▶ _DATASET RECORDS_
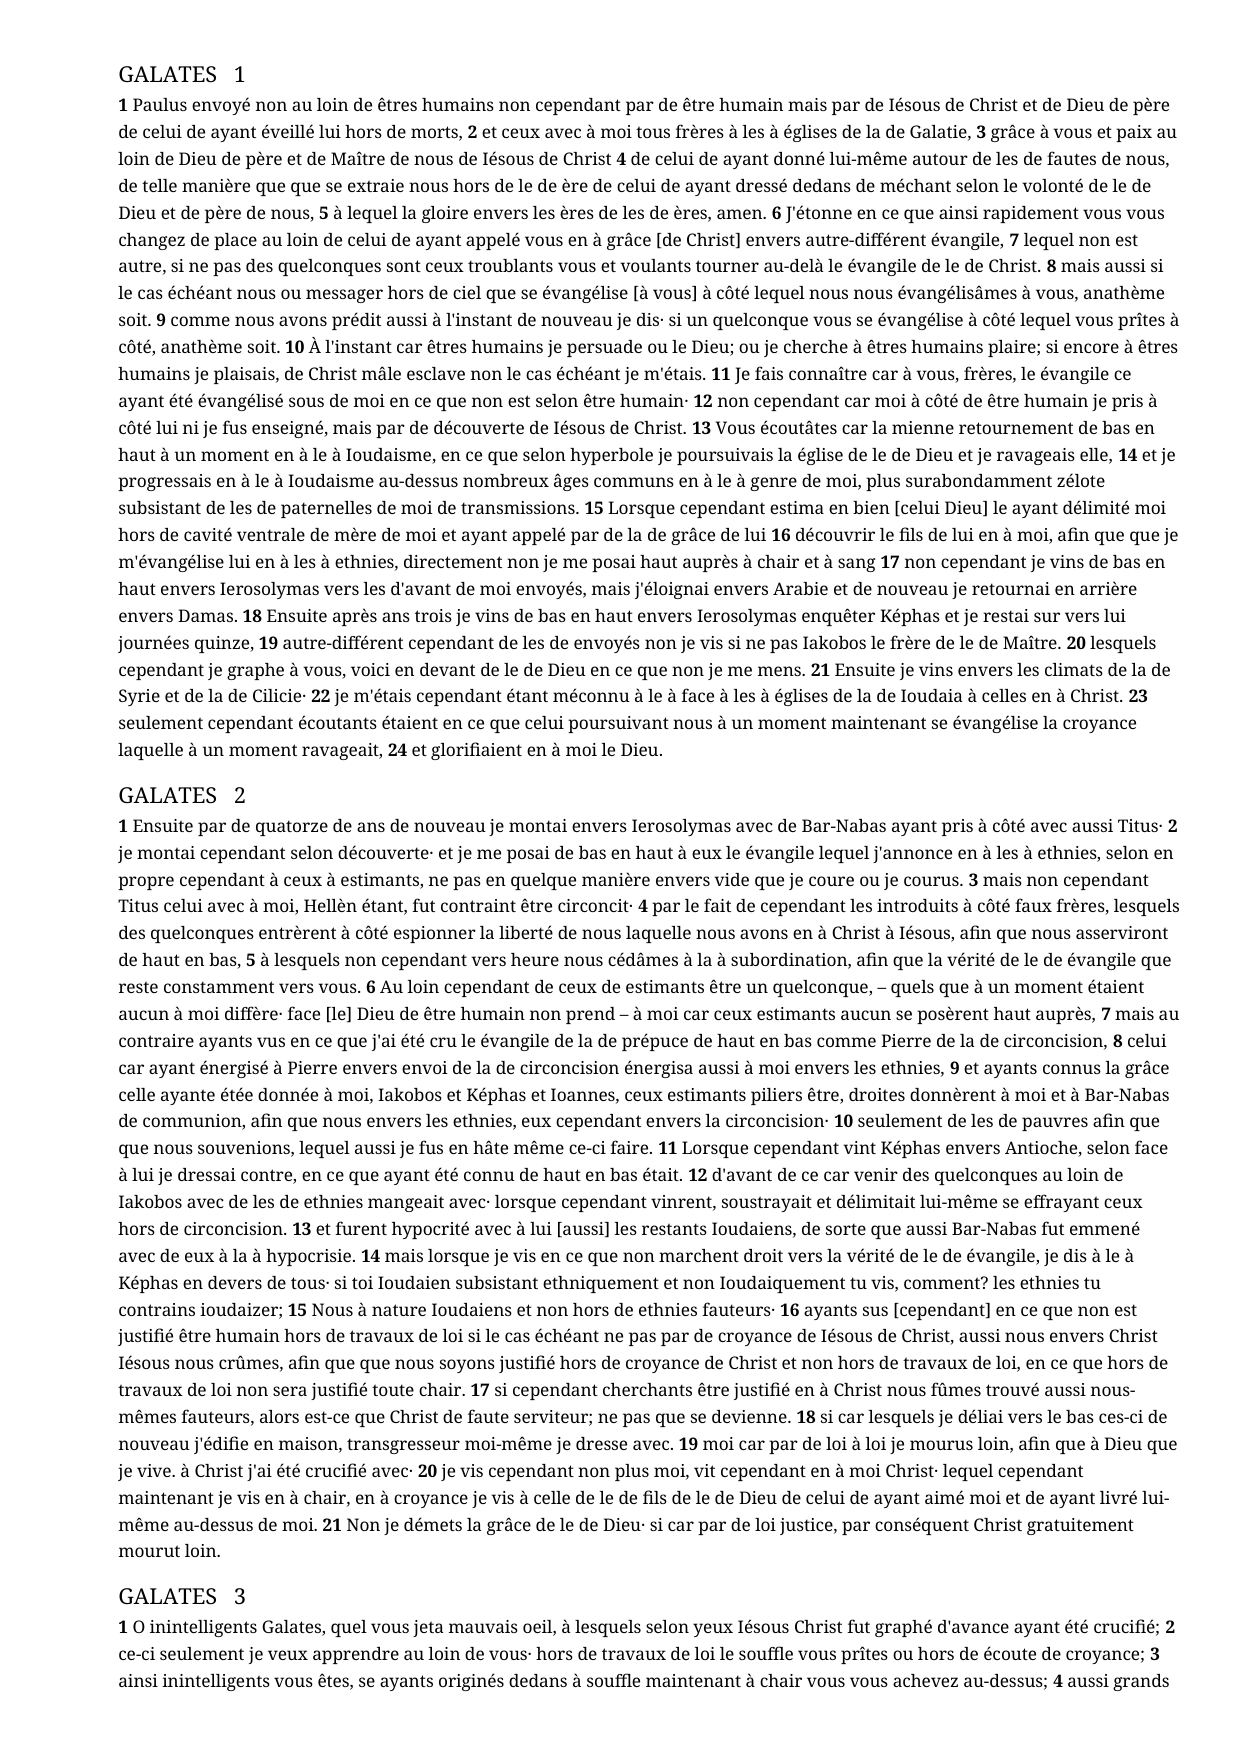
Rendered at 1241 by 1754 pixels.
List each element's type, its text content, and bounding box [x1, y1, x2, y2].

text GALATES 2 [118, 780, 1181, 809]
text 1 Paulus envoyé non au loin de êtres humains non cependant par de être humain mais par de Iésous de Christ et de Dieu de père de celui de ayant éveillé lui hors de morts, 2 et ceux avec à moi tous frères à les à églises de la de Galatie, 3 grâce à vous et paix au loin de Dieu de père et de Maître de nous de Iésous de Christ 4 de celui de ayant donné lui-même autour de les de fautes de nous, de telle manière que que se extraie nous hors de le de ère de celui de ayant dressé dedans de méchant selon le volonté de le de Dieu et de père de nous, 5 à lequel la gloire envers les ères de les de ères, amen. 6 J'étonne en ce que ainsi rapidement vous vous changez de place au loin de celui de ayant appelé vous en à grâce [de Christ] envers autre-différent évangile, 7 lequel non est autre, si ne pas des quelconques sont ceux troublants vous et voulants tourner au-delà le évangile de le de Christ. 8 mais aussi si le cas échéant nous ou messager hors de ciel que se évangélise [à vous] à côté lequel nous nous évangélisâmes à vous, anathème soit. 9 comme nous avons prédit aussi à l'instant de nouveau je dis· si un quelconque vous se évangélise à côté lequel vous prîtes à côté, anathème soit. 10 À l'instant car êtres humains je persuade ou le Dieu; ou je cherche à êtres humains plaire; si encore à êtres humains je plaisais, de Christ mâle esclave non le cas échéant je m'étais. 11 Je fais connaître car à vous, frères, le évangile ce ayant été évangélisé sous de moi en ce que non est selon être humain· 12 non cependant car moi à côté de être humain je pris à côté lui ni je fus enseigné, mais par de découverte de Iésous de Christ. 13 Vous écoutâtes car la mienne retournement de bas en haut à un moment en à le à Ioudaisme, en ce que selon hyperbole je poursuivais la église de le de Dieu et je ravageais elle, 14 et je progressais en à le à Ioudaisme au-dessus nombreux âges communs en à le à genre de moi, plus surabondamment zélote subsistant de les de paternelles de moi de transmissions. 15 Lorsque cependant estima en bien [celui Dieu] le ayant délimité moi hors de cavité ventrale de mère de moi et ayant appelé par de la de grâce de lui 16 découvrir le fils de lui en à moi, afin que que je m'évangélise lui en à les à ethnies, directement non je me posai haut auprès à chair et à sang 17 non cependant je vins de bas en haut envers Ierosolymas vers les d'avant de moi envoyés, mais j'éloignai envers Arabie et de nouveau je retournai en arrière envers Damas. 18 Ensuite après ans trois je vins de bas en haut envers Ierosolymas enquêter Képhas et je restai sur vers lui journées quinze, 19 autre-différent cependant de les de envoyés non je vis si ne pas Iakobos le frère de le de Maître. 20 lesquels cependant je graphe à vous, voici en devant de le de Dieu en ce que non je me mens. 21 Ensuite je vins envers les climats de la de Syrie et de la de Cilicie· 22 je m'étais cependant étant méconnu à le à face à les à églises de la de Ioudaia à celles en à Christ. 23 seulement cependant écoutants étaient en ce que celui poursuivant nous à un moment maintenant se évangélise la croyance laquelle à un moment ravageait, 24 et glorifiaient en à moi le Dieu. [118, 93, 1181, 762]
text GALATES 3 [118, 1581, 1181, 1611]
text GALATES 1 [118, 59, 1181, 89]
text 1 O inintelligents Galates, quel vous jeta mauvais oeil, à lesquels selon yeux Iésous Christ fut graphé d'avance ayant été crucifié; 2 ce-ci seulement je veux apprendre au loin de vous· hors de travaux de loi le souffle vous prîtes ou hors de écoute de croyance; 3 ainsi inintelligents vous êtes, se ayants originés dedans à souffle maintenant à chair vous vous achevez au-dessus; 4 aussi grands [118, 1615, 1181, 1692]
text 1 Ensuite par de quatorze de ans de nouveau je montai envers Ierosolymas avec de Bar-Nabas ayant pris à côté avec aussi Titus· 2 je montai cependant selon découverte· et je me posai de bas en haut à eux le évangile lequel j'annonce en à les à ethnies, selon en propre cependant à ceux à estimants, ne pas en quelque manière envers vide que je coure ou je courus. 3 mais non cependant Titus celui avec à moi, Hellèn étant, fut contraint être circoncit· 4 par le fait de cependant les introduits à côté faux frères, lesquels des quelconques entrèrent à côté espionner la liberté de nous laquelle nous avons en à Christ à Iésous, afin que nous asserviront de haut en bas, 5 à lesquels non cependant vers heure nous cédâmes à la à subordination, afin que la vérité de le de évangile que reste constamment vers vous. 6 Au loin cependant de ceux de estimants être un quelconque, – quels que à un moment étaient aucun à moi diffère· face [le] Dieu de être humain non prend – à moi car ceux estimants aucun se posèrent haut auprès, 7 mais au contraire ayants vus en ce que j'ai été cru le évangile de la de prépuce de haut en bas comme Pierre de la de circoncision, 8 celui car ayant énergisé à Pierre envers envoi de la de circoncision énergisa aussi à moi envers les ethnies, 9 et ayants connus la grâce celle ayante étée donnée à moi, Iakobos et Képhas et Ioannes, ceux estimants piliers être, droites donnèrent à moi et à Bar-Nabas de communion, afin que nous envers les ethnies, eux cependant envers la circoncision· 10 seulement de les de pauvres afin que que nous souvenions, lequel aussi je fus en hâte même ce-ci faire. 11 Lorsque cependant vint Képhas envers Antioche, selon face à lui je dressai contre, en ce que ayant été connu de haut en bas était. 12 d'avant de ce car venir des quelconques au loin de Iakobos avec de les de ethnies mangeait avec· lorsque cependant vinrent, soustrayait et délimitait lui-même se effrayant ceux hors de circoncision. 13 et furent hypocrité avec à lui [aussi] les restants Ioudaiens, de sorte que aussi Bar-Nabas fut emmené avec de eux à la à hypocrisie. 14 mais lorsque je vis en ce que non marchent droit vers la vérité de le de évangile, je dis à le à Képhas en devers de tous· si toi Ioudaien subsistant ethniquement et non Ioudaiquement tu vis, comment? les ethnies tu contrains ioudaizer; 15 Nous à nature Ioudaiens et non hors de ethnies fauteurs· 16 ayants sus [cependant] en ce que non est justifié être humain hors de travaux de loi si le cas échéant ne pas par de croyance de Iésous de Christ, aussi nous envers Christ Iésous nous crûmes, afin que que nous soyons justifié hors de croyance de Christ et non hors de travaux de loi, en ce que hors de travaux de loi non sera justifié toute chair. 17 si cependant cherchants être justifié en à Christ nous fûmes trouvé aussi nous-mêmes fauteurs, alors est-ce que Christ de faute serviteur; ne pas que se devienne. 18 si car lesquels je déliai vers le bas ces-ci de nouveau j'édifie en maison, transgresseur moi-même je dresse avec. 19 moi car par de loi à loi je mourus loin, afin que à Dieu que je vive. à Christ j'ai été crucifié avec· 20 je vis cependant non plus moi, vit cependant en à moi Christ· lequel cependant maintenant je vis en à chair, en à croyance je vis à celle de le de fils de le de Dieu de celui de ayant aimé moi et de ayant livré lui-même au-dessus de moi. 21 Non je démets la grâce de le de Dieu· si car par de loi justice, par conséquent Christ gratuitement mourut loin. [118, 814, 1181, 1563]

▶ _WORK ITEM_
Output all of the entries verbatim, leaving out any images.

▶ _OUTPUT OF THE TASK_
Rendered at 1241 by 1754 pixels.
List each element's type, its text content, and bounding box [x1, y1, x2, y2].

text GALATES 2 [118, 780, 1181, 809]
text 1 Paulus envoyé non au loin de êtres humains non cependant par de être humain mais par de Iésous de Christ et de Dieu de père de celui de ayant éveillé lui hors de morts, 2 et ceux avec à moi tous frères à les à églises de la de Galatie, 3 grâce à vous et paix au loin de Dieu de père et de Maître de nous de Iésous de Christ 4 de celui de ayant donné lui-même autour de les de fautes de nous, de telle manière que que se extraie nous hors de le de ère de celui de ayant dressé dedans de méchant selon le volonté de le de Dieu et de père de nous, 5 à lequel la gloire envers les ères de les de ères, amen. 6 J'étonne en ce que ainsi rapidement vous vous changez de place au loin de celui de ayant appelé vous en à grâce [de Christ] envers autre-différent évangile, 7 lequel non est autre, si ne pas des quelconques sont ceux troublants vous et voulants tourner au-delà le évangile de le de Christ. 8 mais aussi si le cas échéant nous ou messager hors de ciel que se évangélise [à vous] à côté lequel nous nous évangélisâmes à vous, anathème soit. 9 comme nous avons prédit aussi à l'instant de nouveau je dis· si un quelconque vous se évangélise à côté lequel vous prîtes à côté, anathème soit. 10 À l'instant car êtres humains je persuade ou le Dieu; ou je cherche à êtres humains plaire; si encore à êtres humains je plaisais, de Christ mâle esclave non le cas échéant je m'étais. 11 Je fais connaître car à vous, frères, le évangile ce ayant été évangélisé sous de moi en ce que non est selon être humain· 12 non cependant car moi à côté de être humain je pris à côté lui ni je fus enseigné, mais par de découverte de Iésous de Christ. 13 Vous écoutâtes car la mienne retournement de bas en haut à un moment en à le à Ioudaisme, en ce que selon hyperbole je poursuivais la église de le de Dieu et je ravageais elle, 14 et je progressais en à le à Ioudaisme au-dessus nombreux âges communs en à le à genre de moi, plus surabondamment zélote subsistant de les de paternelles de moi de transmissions. 15 Lorsque cependant estima en bien [celui Dieu] le ayant délimité moi hors de cavité ventrale de mère de moi et ayant appelé par de la de grâce de lui 16 découvrir le fils de lui en à moi, afin que que je m'évangélise lui en à les à ethnies, directement non je me posai haut auprès à chair et à sang 17 non cependant je vins de bas en haut envers Ierosolymas vers les d'avant de moi envoyés, mais j'éloignai envers Arabie et de nouveau je retournai en arrière envers Damas. 18 Ensuite après ans trois je vins de bas en haut envers Ierosolymas enquêter Képhas et je restai sur vers lui journées quinze, 19 autre-différent cependant de les de envoyés non je vis si ne pas Iakobos le frère de le de Maître. 20 lesquels cependant je graphe à vous, voici en devant de le de Dieu en ce que non je me mens. 21 Ensuite je vins envers les climats de la de Syrie et de la de Cilicie· 22 je m'étais cependant étant méconnu à le à face à les à églises de la de Ioudaia à celles en à Christ. 23 seulement cependant écoutants étaient en ce que celui poursuivant nous à un moment maintenant se évangélise la croyance laquelle à un moment ravageait, 24 et glorifiaient en à moi le Dieu. [118, 93, 1181, 762]
text GALATES 3 [118, 1581, 1181, 1611]
text GALATES 1 [118, 59, 1181, 89]
text 1 O inintelligents Galates, quel vous jeta mauvais oeil, à lesquels selon yeux Iésous Christ fut graphé d'avance ayant été crucifié; 2 ce-ci seulement je veux apprendre au loin de vous· hors de travaux de loi le souffle vous prîtes ou hors de écoute de croyance; 3 ainsi inintelligents vous êtes, se ayants originés dedans à souffle maintenant à chair vous vous achevez au-dessus; 4 aussi grands [118, 1615, 1181, 1692]
text 1 Ensuite par de quatorze de ans de nouveau je montai envers Ierosolymas avec de Bar-Nabas ayant pris à côté avec aussi Titus· 2 je montai cependant selon découverte· et je me posai de bas en haut à eux le évangile lequel j'annonce en à les à ethnies, selon en propre cependant à ceux à estimants, ne pas en quelque manière envers vide que je coure ou je courus. 3 mais non cependant Titus celui avec à moi, Hellèn étant, fut contraint être circoncit· 4 par le fait de cependant les introduits à côté faux frères, lesquels des quelconques entrèrent à côté espionner la liberté de nous laquelle nous avons en à Christ à Iésous, afin que nous asserviront de haut en bas, 5 à lesquels non cependant vers heure nous cédâmes à la à subordination, afin que la vérité de le de évangile que reste constamment vers vous. 6 Au loin cependant de ceux de estimants être un quelconque, – quels que à un moment étaient aucun à moi diffère· face [le] Dieu de être humain non prend – à moi car ceux estimants aucun se posèrent haut auprès, 7 mais au contraire ayants vus en ce que j'ai été cru le évangile de la de prépuce de haut en bas comme Pierre de la de circoncision, 8 celui car ayant énergisé à Pierre envers envoi de la de circoncision énergisa aussi à moi envers les ethnies, 9 et ayants connus la grâce celle ayante étée donnée à moi, Iakobos et Képhas et Ioannes, ceux estimants piliers être, droites donnèrent à moi et à Bar-Nabas de communion, afin que nous envers les ethnies, eux cependant envers la circoncision· 10 seulement de les de pauvres afin que que nous souvenions, lequel aussi je fus en hâte même ce-ci faire. 11 Lorsque cependant vint Képhas envers Antioche, selon face à lui je dressai contre, en ce que ayant été connu de haut en bas était. 12 d'avant de ce car venir des quelconques au loin de Iakobos avec de les de ethnies mangeait avec· lorsque cependant vinrent, soustrayait et délimitait lui-même se effrayant ceux hors de circoncision. 13 et furent hypocrité avec à lui [aussi] les restants Ioudaiens, de sorte que aussi Bar-Nabas fut emmené avec de eux à la à hypocrisie. 14 mais lorsque je vis en ce que non marchent droit vers la vérité de le de évangile, je dis à le à Képhas en devers de tous· si toi Ioudaien subsistant ethniquement et non Ioudaiquement tu vis, comment? les ethnies tu contrains ioudaizer; 15 Nous à nature Ioudaiens et non hors de ethnies fauteurs· 16 ayants sus [cependant] en ce que non est justifié être humain hors de travaux de loi si le cas échéant ne pas par de croyance de Iésous de Christ, aussi nous envers Christ Iésous nous crûmes, afin que que nous soyons justifié hors de croyance de Christ et non hors de travaux de loi, en ce que hors de travaux de loi non sera justifié toute chair. 17 si cependant cherchants être justifié en à Christ nous fûmes trouvé aussi nous-mêmes fauteurs, alors est-ce que Christ de faute serviteur; ne pas que se devienne. 18 si car lesquels je déliai vers le bas ces-ci de nouveau j'édifie en maison, transgresseur moi-même je dresse avec. 19 moi car par de loi à loi je mourus loin, afin que à Dieu que je vive. à Christ j'ai été crucifié avec· 20 je vis cependant non plus moi, vit cependant en à moi Christ· lequel cependant maintenant je vis en à chair, en à croyance je vis à celle de le de fils de le de Dieu de celui de ayant aimé moi et de ayant livré lui-même au-dessus de moi. 21 Non je démets la grâce de le de Dieu· si car par de loi justice, par conséquent Christ gratuitement mourut loin. [118, 814, 1181, 1563]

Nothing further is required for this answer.